● WHAT THE TASK REQUIRES
Pull out every line below that contains the word "points".

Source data
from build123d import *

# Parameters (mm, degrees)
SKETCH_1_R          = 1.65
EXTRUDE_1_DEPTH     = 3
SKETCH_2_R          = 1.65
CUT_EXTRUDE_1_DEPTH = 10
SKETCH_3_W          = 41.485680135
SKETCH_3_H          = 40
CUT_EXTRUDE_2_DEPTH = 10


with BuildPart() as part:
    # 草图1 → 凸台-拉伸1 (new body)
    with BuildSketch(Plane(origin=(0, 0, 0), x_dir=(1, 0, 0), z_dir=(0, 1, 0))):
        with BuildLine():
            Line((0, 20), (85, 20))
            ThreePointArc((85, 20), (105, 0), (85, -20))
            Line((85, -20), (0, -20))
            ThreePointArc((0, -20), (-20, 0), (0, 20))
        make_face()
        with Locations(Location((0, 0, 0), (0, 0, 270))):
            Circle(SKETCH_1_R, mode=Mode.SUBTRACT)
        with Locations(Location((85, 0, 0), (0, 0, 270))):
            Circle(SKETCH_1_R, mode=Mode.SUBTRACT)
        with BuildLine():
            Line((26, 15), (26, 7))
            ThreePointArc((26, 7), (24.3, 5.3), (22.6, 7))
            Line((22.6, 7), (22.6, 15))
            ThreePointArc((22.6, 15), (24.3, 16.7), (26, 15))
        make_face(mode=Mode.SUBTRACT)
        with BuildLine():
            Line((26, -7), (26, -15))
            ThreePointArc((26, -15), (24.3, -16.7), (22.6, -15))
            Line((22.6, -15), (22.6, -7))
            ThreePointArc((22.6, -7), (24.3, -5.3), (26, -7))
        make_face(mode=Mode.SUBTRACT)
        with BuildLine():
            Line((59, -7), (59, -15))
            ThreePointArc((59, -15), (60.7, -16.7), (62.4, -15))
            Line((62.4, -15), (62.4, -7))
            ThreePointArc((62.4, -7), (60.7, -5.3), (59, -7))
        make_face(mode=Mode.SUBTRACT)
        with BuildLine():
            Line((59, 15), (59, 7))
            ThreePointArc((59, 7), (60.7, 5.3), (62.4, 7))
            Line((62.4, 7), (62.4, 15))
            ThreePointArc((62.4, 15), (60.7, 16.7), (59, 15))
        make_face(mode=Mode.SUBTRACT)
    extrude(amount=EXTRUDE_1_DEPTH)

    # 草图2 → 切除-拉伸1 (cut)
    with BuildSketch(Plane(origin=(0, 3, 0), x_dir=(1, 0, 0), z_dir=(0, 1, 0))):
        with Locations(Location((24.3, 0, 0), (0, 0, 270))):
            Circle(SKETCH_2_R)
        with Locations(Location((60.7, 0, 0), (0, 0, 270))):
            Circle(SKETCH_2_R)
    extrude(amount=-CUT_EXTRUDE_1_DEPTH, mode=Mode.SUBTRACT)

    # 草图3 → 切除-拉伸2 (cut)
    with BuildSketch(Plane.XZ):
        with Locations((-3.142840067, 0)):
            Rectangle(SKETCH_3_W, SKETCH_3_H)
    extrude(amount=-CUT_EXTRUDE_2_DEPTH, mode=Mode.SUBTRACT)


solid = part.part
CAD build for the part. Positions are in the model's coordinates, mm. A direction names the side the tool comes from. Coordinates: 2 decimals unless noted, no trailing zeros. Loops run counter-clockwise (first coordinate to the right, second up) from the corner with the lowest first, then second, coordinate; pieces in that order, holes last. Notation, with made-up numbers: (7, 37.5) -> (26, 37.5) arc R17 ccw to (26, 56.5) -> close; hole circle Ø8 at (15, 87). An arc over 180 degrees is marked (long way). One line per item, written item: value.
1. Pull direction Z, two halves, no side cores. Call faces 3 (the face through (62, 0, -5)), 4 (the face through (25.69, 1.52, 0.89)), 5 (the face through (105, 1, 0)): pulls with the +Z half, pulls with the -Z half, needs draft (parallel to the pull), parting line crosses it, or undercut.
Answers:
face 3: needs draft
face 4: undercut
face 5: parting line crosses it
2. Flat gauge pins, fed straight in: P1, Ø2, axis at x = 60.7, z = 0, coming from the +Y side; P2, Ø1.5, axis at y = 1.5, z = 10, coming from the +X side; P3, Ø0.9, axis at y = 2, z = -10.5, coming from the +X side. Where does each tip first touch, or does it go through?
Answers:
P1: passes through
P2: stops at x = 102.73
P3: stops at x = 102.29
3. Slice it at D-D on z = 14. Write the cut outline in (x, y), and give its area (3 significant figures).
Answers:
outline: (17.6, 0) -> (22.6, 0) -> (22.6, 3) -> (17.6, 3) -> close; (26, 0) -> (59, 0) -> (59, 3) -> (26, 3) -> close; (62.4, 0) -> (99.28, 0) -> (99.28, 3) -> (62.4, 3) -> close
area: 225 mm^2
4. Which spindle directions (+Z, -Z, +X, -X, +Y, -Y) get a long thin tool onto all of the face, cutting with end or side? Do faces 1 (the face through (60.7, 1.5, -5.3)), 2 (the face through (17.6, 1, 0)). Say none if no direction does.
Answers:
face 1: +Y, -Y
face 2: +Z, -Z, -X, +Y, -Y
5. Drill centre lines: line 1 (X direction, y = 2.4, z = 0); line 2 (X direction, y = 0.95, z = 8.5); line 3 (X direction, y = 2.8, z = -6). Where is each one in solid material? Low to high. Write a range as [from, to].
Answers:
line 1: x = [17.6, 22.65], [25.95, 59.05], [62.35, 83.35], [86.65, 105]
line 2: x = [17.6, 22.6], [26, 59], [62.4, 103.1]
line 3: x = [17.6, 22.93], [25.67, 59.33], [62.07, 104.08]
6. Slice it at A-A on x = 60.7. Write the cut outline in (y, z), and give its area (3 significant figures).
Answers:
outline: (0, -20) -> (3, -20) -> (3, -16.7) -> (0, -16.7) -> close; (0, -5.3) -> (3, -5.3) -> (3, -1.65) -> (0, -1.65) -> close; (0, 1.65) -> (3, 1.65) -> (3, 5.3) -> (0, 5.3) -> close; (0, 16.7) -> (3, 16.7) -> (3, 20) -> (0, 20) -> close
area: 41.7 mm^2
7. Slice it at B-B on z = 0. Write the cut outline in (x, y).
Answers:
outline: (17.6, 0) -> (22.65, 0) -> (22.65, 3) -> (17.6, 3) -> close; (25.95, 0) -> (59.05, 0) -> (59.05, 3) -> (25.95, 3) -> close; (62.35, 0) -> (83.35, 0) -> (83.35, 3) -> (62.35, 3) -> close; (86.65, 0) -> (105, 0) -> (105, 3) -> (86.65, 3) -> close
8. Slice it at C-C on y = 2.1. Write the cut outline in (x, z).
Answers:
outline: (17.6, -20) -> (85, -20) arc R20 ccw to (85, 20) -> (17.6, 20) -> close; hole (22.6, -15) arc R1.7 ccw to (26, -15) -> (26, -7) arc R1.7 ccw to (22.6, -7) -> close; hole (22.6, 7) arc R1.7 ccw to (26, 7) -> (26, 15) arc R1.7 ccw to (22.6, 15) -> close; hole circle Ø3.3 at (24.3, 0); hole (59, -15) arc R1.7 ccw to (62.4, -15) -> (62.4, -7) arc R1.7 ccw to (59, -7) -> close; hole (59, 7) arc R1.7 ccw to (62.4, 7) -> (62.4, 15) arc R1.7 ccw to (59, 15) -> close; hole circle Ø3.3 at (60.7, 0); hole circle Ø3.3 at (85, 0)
* * *
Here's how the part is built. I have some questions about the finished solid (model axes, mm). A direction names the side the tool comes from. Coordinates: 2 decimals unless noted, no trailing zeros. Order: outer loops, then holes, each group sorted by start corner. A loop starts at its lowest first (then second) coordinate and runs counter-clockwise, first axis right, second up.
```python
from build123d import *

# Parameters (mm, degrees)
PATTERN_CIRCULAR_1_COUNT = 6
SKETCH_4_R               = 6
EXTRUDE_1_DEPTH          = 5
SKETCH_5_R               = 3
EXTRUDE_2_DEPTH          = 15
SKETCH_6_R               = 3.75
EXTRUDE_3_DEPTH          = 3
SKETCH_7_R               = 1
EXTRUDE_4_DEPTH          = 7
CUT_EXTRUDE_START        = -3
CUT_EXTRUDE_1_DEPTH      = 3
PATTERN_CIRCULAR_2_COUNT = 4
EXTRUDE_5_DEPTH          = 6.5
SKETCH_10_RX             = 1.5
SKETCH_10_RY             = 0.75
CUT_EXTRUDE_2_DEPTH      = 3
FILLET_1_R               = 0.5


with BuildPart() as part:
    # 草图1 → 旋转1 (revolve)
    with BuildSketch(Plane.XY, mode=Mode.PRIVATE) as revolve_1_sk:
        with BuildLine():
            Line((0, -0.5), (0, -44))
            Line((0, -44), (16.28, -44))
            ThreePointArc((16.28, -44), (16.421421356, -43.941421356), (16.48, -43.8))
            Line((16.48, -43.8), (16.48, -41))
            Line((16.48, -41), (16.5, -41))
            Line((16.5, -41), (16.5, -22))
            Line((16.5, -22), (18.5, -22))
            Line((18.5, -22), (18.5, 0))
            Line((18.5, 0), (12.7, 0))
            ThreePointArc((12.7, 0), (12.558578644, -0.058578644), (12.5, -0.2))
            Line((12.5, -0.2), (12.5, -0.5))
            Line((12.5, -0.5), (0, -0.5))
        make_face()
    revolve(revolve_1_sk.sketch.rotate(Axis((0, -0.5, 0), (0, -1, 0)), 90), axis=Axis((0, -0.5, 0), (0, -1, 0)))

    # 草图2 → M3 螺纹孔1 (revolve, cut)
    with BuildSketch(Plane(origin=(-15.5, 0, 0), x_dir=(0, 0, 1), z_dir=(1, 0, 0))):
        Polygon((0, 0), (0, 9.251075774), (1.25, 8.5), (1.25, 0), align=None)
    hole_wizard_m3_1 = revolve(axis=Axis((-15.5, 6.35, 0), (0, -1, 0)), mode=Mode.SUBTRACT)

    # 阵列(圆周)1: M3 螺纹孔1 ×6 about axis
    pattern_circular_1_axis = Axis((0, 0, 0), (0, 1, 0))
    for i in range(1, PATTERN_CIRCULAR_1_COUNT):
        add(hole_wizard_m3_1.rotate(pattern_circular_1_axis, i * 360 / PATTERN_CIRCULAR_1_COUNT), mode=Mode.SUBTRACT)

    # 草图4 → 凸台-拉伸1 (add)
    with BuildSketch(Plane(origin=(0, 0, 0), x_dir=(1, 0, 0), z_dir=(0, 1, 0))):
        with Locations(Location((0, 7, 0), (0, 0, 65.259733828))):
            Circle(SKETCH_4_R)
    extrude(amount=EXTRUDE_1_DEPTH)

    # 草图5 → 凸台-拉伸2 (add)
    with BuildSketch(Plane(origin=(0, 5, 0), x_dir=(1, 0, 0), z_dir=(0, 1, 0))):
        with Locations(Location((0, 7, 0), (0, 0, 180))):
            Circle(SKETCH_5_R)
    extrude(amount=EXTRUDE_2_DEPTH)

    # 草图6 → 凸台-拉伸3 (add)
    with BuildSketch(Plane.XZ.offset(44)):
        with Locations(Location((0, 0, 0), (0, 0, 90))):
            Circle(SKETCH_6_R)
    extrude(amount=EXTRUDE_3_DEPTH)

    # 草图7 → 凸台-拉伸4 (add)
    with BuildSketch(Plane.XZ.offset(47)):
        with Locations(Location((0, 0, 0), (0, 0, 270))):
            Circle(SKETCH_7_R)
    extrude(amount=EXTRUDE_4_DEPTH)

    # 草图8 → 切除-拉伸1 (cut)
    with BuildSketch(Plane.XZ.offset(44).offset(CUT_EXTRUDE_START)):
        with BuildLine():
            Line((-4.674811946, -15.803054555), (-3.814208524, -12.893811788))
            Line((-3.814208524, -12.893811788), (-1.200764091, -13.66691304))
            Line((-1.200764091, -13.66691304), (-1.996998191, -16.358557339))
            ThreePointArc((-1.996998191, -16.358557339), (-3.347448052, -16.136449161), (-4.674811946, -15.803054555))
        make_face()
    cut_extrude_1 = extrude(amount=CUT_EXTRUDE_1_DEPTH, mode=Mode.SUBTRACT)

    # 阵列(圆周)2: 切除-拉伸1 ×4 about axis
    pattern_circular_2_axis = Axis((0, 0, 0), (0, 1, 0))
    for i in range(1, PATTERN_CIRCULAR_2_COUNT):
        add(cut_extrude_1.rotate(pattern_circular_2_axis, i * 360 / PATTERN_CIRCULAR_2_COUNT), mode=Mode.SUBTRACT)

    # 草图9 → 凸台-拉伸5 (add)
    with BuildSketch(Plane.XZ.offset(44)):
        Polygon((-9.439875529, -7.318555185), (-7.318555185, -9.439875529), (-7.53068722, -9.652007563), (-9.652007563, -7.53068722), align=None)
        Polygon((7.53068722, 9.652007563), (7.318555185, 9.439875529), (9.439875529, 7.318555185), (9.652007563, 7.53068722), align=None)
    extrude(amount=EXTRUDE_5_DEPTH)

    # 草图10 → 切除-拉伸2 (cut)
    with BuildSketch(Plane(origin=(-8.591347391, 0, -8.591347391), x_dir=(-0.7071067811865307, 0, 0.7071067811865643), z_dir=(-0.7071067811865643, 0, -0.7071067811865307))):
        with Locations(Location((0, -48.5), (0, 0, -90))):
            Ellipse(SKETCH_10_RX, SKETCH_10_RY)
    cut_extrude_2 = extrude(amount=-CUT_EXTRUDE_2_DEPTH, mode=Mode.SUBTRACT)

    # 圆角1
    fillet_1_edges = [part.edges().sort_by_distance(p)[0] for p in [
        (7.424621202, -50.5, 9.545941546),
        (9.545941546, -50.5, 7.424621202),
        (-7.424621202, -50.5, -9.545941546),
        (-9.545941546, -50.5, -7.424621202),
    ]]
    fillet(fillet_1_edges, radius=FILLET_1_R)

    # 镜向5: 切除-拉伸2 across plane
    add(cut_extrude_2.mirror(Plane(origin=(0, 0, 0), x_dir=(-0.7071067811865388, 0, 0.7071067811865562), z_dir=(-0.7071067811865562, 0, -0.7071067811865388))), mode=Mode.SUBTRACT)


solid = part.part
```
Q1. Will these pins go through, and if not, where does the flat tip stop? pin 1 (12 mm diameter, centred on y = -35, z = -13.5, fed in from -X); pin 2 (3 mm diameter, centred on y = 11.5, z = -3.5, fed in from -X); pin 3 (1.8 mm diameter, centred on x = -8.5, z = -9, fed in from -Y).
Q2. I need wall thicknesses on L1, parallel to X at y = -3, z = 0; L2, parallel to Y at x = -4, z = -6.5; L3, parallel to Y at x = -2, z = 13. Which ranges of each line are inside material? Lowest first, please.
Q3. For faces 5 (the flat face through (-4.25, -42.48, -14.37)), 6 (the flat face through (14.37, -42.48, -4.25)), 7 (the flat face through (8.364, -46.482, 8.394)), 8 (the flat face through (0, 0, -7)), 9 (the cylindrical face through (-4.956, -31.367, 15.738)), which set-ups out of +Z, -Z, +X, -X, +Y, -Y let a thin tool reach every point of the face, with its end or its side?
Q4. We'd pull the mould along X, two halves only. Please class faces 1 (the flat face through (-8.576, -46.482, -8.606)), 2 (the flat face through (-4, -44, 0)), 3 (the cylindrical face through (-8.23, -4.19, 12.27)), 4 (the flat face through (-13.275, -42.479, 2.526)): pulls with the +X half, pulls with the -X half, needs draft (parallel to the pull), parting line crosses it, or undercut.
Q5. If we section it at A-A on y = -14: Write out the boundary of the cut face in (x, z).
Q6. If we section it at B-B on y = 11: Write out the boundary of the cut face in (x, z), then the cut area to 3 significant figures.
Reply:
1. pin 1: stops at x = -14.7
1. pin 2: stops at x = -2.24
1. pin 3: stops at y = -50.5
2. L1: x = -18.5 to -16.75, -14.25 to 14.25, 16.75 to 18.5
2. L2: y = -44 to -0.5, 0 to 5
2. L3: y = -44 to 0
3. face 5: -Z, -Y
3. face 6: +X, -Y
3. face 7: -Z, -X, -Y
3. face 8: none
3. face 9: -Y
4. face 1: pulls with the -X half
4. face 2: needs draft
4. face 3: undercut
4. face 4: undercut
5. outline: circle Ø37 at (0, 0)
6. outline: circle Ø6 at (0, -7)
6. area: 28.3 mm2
==
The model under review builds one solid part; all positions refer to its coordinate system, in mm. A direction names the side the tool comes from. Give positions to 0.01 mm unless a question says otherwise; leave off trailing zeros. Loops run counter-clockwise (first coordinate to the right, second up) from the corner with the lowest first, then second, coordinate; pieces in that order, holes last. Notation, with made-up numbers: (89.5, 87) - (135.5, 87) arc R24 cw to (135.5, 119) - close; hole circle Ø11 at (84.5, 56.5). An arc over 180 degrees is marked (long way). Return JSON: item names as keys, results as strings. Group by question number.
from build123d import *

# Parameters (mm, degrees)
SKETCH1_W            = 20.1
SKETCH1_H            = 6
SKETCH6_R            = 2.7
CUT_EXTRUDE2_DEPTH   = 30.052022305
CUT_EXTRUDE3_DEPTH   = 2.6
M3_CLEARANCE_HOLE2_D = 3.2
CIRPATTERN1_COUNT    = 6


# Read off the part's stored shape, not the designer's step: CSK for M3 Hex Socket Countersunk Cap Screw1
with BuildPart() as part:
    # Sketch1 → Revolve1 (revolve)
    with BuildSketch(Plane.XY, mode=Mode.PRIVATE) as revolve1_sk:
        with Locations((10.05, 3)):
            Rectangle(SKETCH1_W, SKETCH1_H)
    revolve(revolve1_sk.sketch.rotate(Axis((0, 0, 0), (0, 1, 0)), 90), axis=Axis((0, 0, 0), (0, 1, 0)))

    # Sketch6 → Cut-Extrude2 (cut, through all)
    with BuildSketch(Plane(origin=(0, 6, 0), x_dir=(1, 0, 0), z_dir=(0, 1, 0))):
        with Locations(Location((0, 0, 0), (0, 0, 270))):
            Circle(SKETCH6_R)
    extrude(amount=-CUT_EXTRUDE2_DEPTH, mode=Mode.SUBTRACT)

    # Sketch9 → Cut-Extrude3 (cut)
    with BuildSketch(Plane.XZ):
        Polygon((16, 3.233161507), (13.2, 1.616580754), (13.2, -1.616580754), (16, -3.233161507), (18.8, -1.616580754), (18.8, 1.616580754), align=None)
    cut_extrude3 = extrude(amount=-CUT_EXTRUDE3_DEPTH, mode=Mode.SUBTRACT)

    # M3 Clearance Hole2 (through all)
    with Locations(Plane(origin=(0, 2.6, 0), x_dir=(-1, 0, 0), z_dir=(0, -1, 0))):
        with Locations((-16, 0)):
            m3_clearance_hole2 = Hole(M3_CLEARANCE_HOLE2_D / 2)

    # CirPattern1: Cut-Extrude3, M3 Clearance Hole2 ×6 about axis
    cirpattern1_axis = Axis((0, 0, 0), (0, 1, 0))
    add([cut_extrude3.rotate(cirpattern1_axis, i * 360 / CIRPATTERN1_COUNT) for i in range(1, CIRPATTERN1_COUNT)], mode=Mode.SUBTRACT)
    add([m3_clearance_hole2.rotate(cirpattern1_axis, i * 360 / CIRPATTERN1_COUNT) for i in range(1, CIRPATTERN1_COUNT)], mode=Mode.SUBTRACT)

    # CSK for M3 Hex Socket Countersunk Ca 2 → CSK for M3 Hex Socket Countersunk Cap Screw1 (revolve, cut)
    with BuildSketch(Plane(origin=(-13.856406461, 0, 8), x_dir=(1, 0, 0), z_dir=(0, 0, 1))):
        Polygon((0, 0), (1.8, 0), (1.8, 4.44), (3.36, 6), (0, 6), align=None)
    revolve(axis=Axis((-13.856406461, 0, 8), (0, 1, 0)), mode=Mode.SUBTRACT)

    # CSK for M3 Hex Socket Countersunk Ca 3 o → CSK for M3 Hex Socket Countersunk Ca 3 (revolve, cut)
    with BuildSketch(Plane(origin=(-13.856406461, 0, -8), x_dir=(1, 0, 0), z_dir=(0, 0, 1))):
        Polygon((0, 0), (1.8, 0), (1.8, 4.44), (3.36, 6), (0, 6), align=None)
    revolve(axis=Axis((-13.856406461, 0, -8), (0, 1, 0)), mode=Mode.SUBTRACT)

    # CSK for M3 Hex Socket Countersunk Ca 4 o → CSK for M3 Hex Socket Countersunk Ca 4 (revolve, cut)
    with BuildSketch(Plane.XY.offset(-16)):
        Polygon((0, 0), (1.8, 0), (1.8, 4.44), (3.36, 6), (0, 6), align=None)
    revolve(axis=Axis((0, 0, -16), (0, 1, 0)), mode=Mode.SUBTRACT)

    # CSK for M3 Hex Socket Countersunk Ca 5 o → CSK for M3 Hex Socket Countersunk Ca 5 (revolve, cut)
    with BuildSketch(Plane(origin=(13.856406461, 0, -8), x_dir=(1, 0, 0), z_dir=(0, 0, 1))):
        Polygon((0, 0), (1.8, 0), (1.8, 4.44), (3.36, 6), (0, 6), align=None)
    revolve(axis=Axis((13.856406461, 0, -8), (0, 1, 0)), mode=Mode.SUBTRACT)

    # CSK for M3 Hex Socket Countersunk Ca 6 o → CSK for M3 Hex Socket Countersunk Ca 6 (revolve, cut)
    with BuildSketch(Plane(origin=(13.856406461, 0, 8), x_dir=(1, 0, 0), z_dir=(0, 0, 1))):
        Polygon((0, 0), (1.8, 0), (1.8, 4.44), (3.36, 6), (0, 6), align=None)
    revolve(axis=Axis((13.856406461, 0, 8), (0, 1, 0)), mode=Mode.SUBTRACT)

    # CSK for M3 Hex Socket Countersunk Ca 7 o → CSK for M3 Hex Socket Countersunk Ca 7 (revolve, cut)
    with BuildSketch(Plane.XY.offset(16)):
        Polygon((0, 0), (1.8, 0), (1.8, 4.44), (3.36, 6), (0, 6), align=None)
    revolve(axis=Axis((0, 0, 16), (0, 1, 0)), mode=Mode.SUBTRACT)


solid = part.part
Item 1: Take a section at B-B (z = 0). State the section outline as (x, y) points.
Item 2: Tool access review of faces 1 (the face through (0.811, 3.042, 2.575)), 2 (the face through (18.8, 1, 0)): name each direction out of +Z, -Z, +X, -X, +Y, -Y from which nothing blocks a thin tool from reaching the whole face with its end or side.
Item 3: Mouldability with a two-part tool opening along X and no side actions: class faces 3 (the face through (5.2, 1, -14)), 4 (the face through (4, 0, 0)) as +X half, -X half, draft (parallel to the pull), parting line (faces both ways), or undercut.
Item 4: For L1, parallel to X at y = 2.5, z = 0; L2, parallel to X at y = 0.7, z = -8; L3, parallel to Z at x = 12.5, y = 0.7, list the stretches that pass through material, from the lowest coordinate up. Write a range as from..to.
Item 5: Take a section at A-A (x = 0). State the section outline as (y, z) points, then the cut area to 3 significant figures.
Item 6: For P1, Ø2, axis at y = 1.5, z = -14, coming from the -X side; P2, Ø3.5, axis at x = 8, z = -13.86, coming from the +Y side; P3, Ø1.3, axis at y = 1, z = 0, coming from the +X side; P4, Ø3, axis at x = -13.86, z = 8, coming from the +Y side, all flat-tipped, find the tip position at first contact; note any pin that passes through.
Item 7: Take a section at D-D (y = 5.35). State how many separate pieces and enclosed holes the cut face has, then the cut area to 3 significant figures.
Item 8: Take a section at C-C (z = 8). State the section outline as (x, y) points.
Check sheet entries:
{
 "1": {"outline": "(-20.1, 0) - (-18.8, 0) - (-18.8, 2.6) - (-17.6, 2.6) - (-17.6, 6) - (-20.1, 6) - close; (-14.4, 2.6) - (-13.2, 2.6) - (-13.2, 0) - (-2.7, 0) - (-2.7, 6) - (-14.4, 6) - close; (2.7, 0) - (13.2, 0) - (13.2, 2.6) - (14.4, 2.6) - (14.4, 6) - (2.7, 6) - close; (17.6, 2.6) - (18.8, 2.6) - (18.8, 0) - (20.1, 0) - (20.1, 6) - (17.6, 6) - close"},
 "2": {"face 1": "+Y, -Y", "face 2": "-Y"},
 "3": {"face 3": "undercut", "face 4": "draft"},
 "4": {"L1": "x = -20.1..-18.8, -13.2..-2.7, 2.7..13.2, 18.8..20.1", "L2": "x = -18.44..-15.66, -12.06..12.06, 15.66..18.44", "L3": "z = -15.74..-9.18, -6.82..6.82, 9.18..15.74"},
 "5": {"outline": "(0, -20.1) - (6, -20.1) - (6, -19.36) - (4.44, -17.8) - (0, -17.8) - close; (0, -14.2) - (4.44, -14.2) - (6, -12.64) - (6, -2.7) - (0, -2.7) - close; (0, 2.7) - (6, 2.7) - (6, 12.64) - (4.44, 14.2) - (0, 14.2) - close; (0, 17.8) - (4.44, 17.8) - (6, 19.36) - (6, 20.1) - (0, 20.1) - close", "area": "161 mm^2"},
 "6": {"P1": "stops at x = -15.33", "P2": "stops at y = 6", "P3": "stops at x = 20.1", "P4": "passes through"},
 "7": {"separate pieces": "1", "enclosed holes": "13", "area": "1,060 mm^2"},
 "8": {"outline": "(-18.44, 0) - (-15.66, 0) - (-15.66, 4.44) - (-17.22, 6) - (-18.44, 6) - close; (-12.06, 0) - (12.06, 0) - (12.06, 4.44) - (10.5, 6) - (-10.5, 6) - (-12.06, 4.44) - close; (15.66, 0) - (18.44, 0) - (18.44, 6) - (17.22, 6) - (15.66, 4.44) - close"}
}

● OUTPUT FOR THIS TASK
Item 1: Take a section at B-B (z = 0). State the section outline as (x, y) points.
Item 5: Take a section at A-A (x = 0). State the section outline as (y, z) points, then the cut area to 3 significant figures.
Item 8: Take a section at C-C (z = 8). State the section outline as (x, y) points.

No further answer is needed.